Retype the range from the line holding "Answer: 0.28 kg/week" to the last line of the listing, inclusive, exactly as it appears and with nothing else.

────

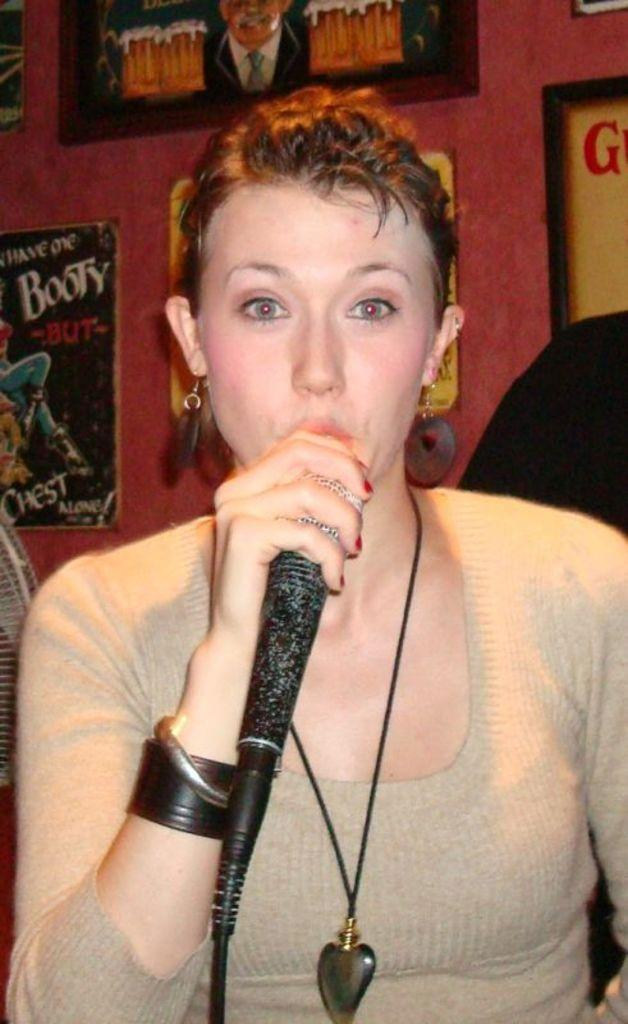Who is the main subject in the image? There is a lady in the image. What is the lady wearing? The lady is wearing a grey t-shirt. What is the lady holding in her right hand? The lady is holding a mic in her right hand. What can be seen on the wall behind the lady? There are frames and posters on the wall behind her. How does the lady tie a knot with the mic in the image? The lady is not tying a knot with the mic in the image; she is simply holding it in her hand. 
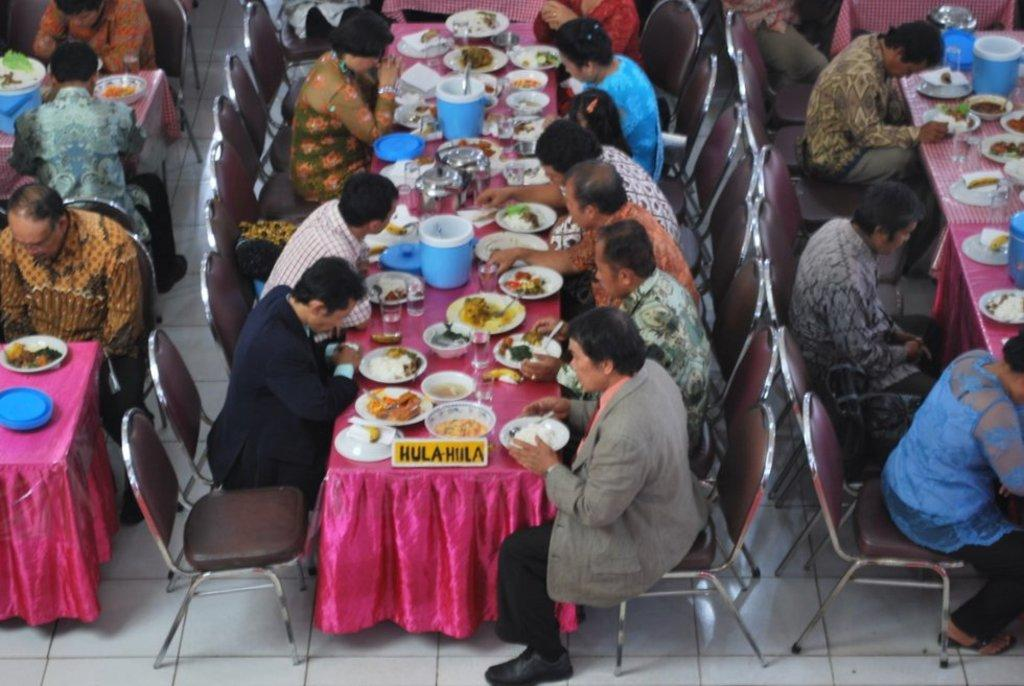How many people are in the image? There is a group of people in the image. What are the people doing in the image? The people are sitting on chairs. What is the arrangement of the chairs in the image? The chairs are arranged around a dining table. What can be found on the dining table? There are plates, bowls, and boxes with food items on the dining table. What type of roof can be seen above the people in the image? There is no roof visible in the image; it appears to be an outdoor setting. 
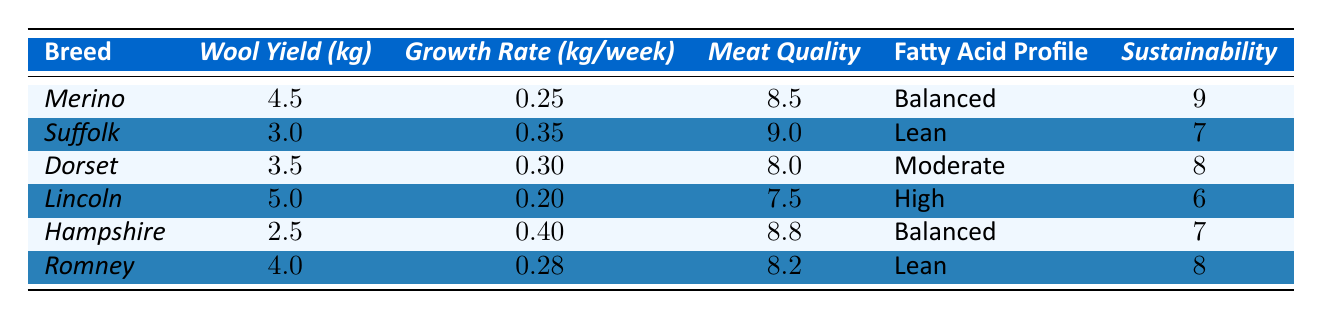What is the wool yield of the Merino breed? The table shows that the wool yield for the Merino breed is specifically listed as 4.5 kg.
Answer: 4.5 kg Which breed has the highest sustainability score? The sustainability scores are listed: Merino has 9, Suffolk has 7, Dorset has 8, Lincoln has 6, Hampshire has 7, and Romney has 8. The highest score is 9, belonging to Merino.
Answer: Merino What is the average growth rate of all breeds listed? To find the average growth rate, sum the growth rates (0.25 + 0.35 + 0.30 + 0.20 + 0.40 + 0.28 = 1.68) and divide by the number of breeds (6): 1.68 / 6 = 0.28.
Answer: 0.28 kg/week Is the meat quality score for Suffolk greater than that for Dorset? The meat quality score for Suffolk is 9.0, while for Dorset it is 8.0, which indicates that the score for Suffolk is greater than for Dorset.
Answer: Yes Which breed yields more wool, Dorset or Romney? The wool yield for Dorset is 3.5 kg, while for Romney it is 4.0 kg. Comparing these values shows that Romney yields more wool.
Answer: Romney What is the difference in sustainability score between Merino and Lincoln? The sustainability score for Merino is 9 and for Lincoln is 6. The difference is 9 - 6 = 3.
Answer: 3 Which breeds have a balanced fatty acid profile? Looking through the fatty acid profile column, Merino and Hampshire are both listed as having a balanced profile.
Answer: Merino, Hampshire If we average the meat quality scores of breeds with a sustainability score of 8 or above, what is the result? The breeds with a sustainability score of 8 or above are Merino (8.5), Dorset (8.0), and Romney (8.2). The average is (8.5 + 8.0 + 8.2) / 3 = 8.23.
Answer: 8.23 How many breeds have a growth rate greater than 0.30 kg/week? The breeds with growth rates greater than 0.30 kg/week are Suffolk (0.35), Hampshire (0.40), and Dorset (0.30). Suffolk and Hampshire fulfill this criterion, totaling 2 breeds.
Answer: 2 breeds What is the highest meat quality score, and which breed has it? Among the listed meat quality scores, Suffolk has the highest score at 9.0.
Answer: 9.0, Suffolk

────

**Response area:**
Answer: 0.28 kg/week Is the meat quality score for Suffolk greater than that for Dorset? The meat quality score for Suffolk is 9.0, while for Dorset it is 8.0, which indicates that the score for Suffolk is greater than for Dorset.
Answer: Yes Which breed yields more wool, Dorset or Romney? The wool yield for Dorset is 3.5 kg, while for Romney it is 4.0 kg. Comparing these values shows that Romney yields more wool.
Answer: Romney What is the difference in sustainability score between Merino and Lincoln? The sustainability score for Merino is 9 and for Lincoln is 6. The difference is 9 - 6 = 3.
Answer: 3 Which breeds have a balanced fatty acid profile? Looking through the fatty acid profile column, Merino and Hampshire are both listed as having a balanced profile.
Answer: Merino, Hampshire If we average the meat quality scores of breeds with a sustainability score of 8 or above, what is the result? The breeds with a sustainability score of 8 or above are Merino (8.5), Dorset (8.0), and Romney (8.2). The average is (8.5 + 8.0 + 8.2) / 3 = 8.23.
Answer: 8.23 How many breeds have a growth rate greater than 0.30 kg/week? The breeds with growth rates greater than 0.30 kg/week are Suffolk (0.35), Hampshire (0.40), and Dorset (0.30). Suffolk and Hampshire fulfill this criterion, totaling 2 breeds.
Answer: 2 breeds What is the highest meat quality score, and which breed has it? Among the listed meat quality scores, Suffolk has the highest score at 9.0.
Answer: 9.0, Suffolk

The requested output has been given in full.